__What to produce__:
Word for word, restate the entries below, but exclude the images.

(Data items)
━━━━━━━━━━━━━━━━━━━━━━━━━━━━━━

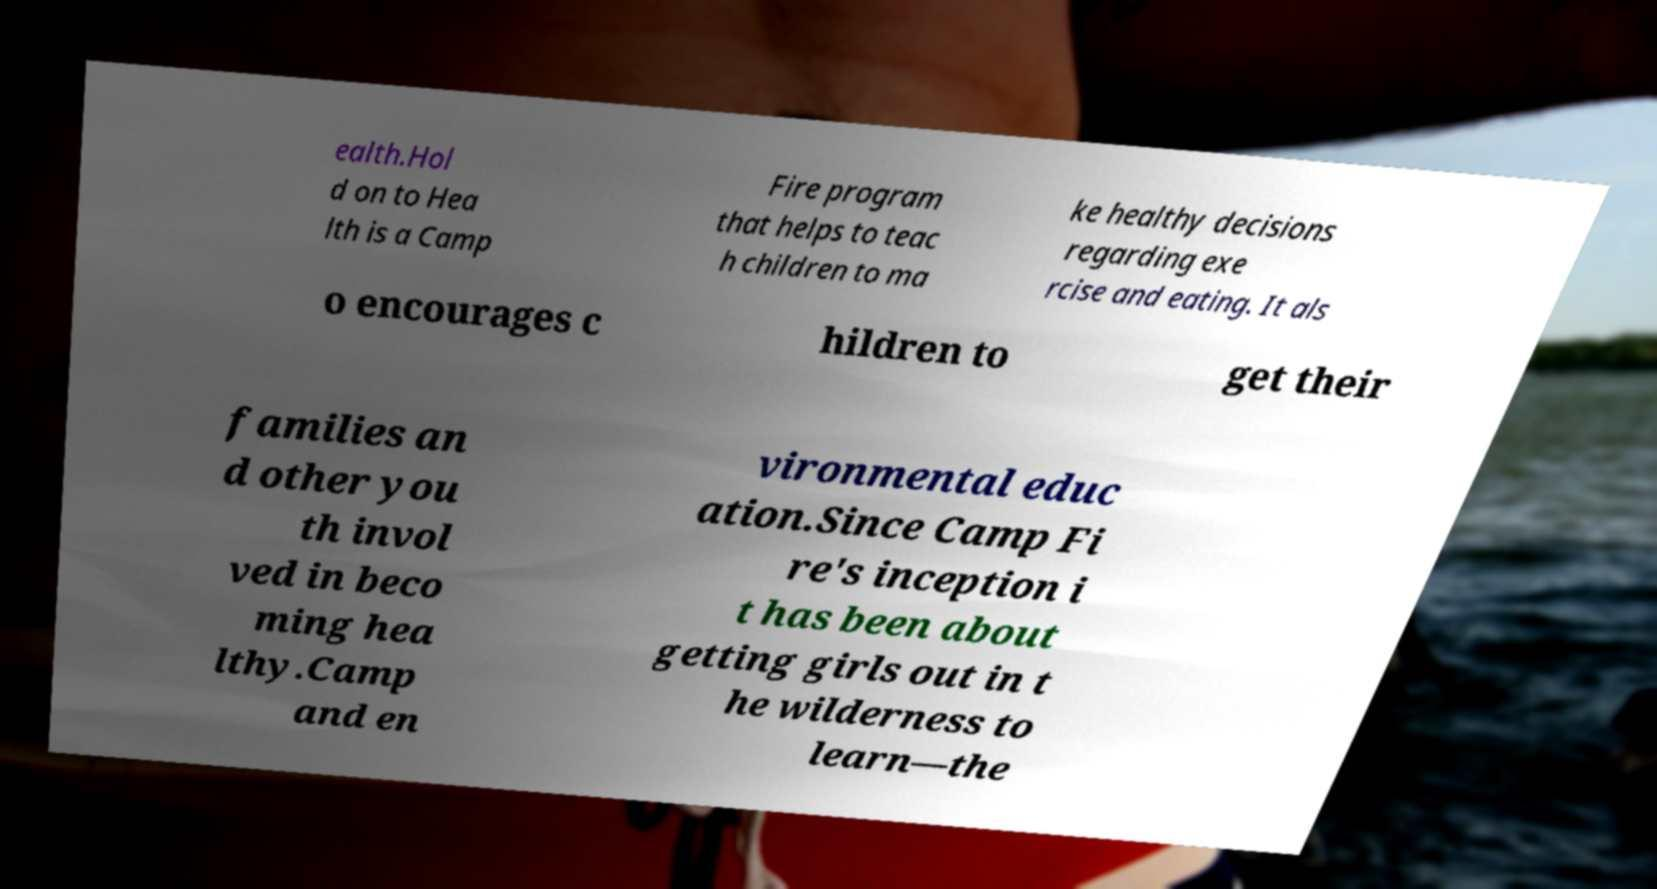What messages or text are displayed in this image? I need them in a readable, typed format. ealth.Hol d on to Hea lth is a Camp Fire program that helps to teac h children to ma ke healthy decisions regarding exe rcise and eating. It als o encourages c hildren to get their families an d other you th invol ved in beco ming hea lthy.Camp and en vironmental educ ation.Since Camp Fi re's inception i t has been about getting girls out in t he wilderness to learn—the 
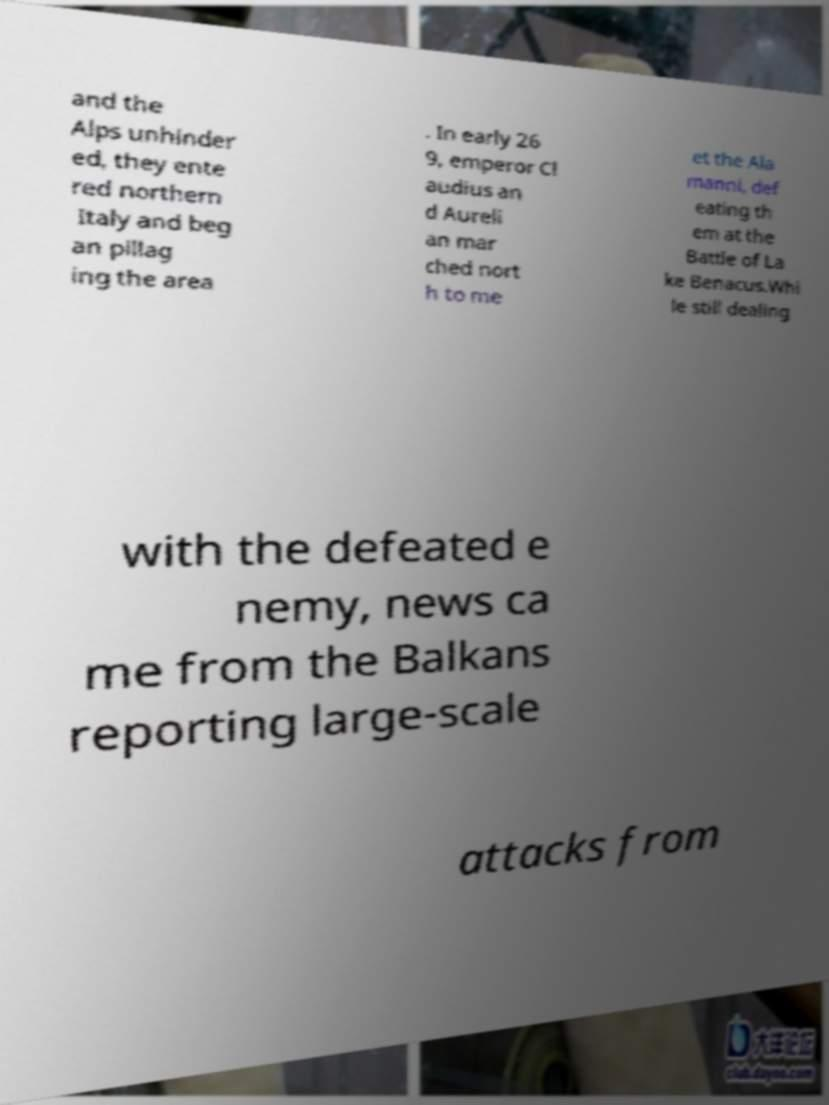Please read and relay the text visible in this image. What does it say? and the Alps unhinder ed, they ente red northern Italy and beg an pillag ing the area . In early 26 9, emperor Cl audius an d Aureli an mar ched nort h to me et the Ala manni, def eating th em at the Battle of La ke Benacus.Whi le still dealing with the defeated e nemy, news ca me from the Balkans reporting large-scale attacks from 
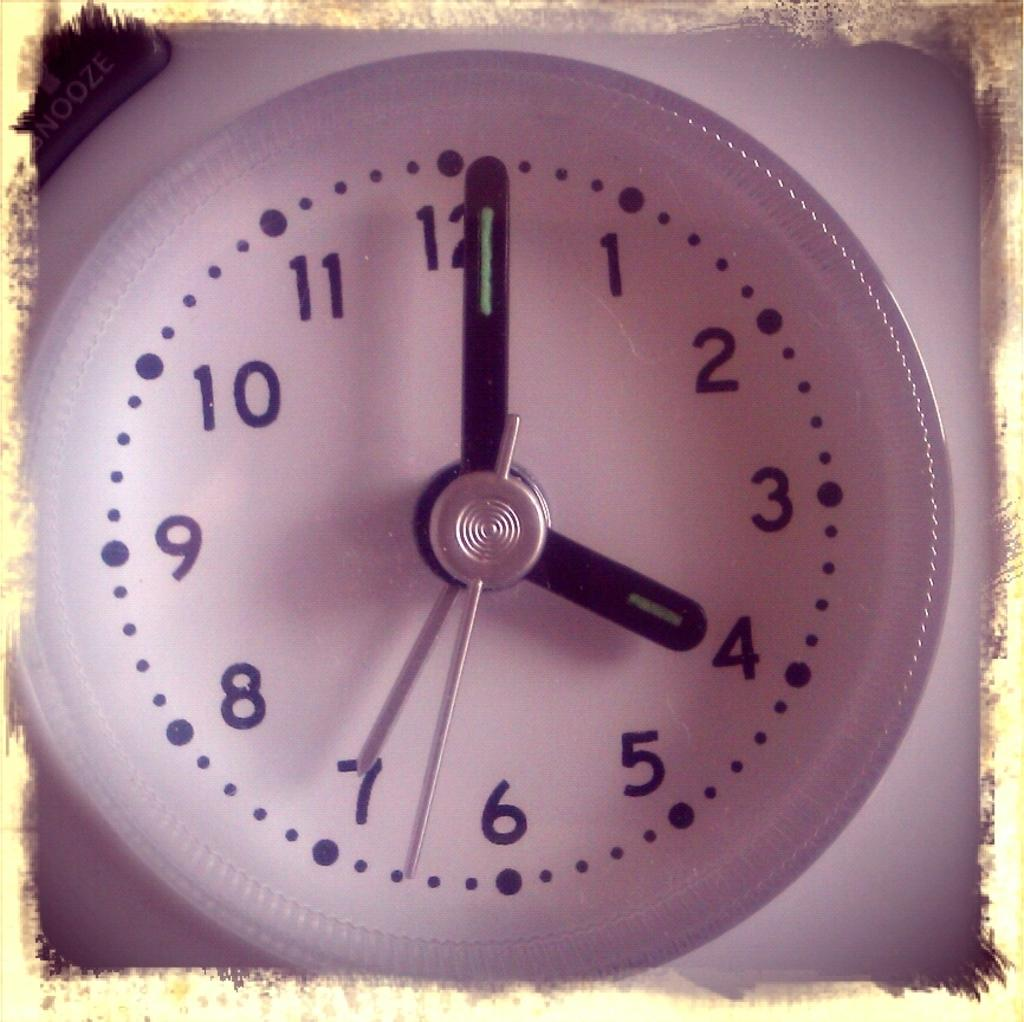<image>
Give a short and clear explanation of the subsequent image. A round white clock shows the time 4:01. 
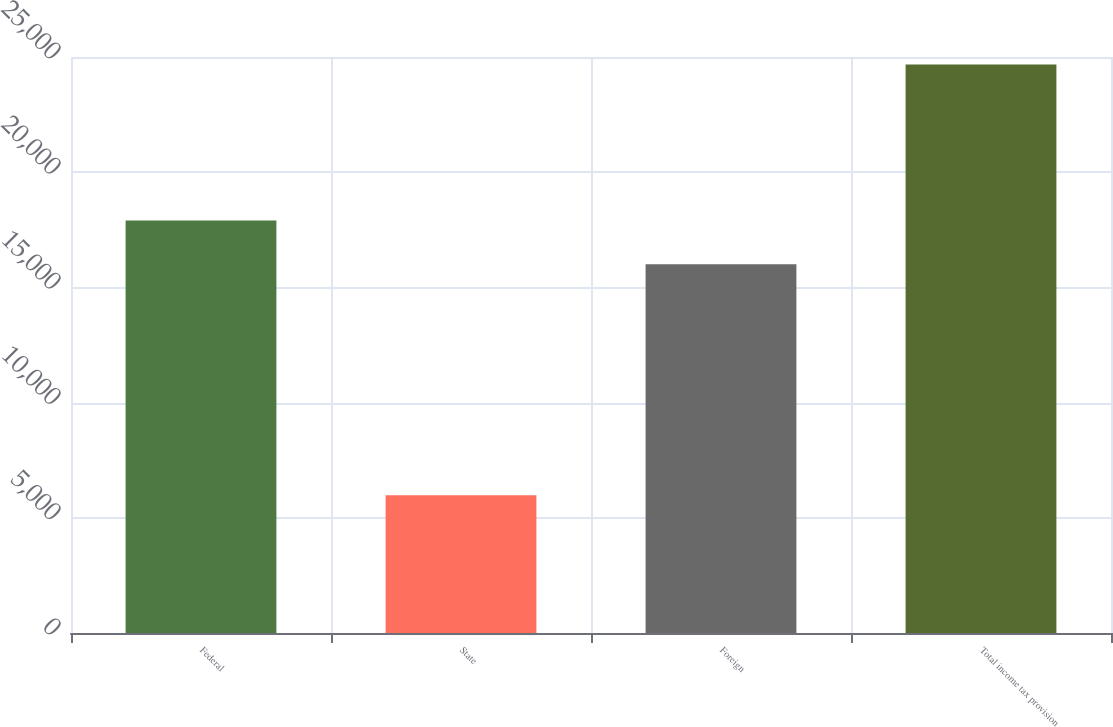Convert chart to OTSL. <chart><loc_0><loc_0><loc_500><loc_500><bar_chart><fcel>Federal<fcel>State<fcel>Foreign<fcel>Total income tax provision<nl><fcel>17900<fcel>5980<fcel>16008<fcel>24678<nl></chart> 
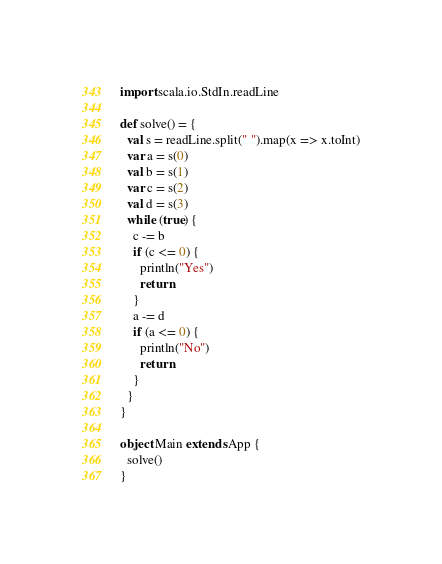<code> <loc_0><loc_0><loc_500><loc_500><_Scala_>import scala.io.StdIn.readLine

def solve() = {
  val s = readLine.split(" ").map(x => x.toInt)
  var a = s(0)
  val b = s(1)
  var c = s(2)
  val d = s(3)
  while (true) {
    c -= b
    if (c <= 0) {
      println("Yes")
      return
    }
    a -= d
    if (a <= 0) {
      println("No")
      return
    }
  }
}

object Main extends App {
  solve()
}
</code>

━━━━━━━━━━━━━━━━━━━━━━━━━━━━━━

__Exercise response__:
What messages or text are displayed in this image? I need them in a readable, typed format. ealth.Hol d on to Hea lth is a Camp Fire program that helps to teac h children to ma ke healthy decisions regarding exe rcise and eating. It als o encourages c hildren to get their families an d other you th invol ved in beco ming hea lthy.Camp and en vironmental educ ation.Since Camp Fi re's inception i t has been about getting girls out in t he wilderness to learn—the 
Please read and relay the text visible in this image. What does it say? and the Alps unhinder ed, they ente red northern Italy and beg an pillag ing the area . In early 26 9, emperor Cl audius an d Aureli an mar ched nort h to me et the Ala manni, def eating th em at the Battle of La ke Benacus.Whi le still dealing with the defeated e nemy, news ca me from the Balkans reporting large-scale attacks from 
<image>
Give a short and clear explanation of the subsequent image. A round white clock shows the time 4:01. 
Convert chart to OTSL. <chart><loc_0><loc_0><loc_500><loc_500><bar_chart><fcel>Federal<fcel>State<fcel>Foreign<fcel>Total income tax provision<nl><fcel>17900<fcel>5980<fcel>16008<fcel>24678<nl></chart> 
<code> <loc_0><loc_0><loc_500><loc_500><_Scala_>import scala.io.StdIn.readLine

def solve() = {
  val s = readLine.split(" ").map(x => x.toInt)
  var a = s(0)
  val b = s(1)
  var c = s(2)
  val d = s(3)
  while (true) {
    c -= b
    if (c <= 0) {
      println("Yes")
      return
    }
    a -= d
    if (a <= 0) {
      println("No")
      return
    }
  }
}

object Main extends App {
  solve()
}
</code>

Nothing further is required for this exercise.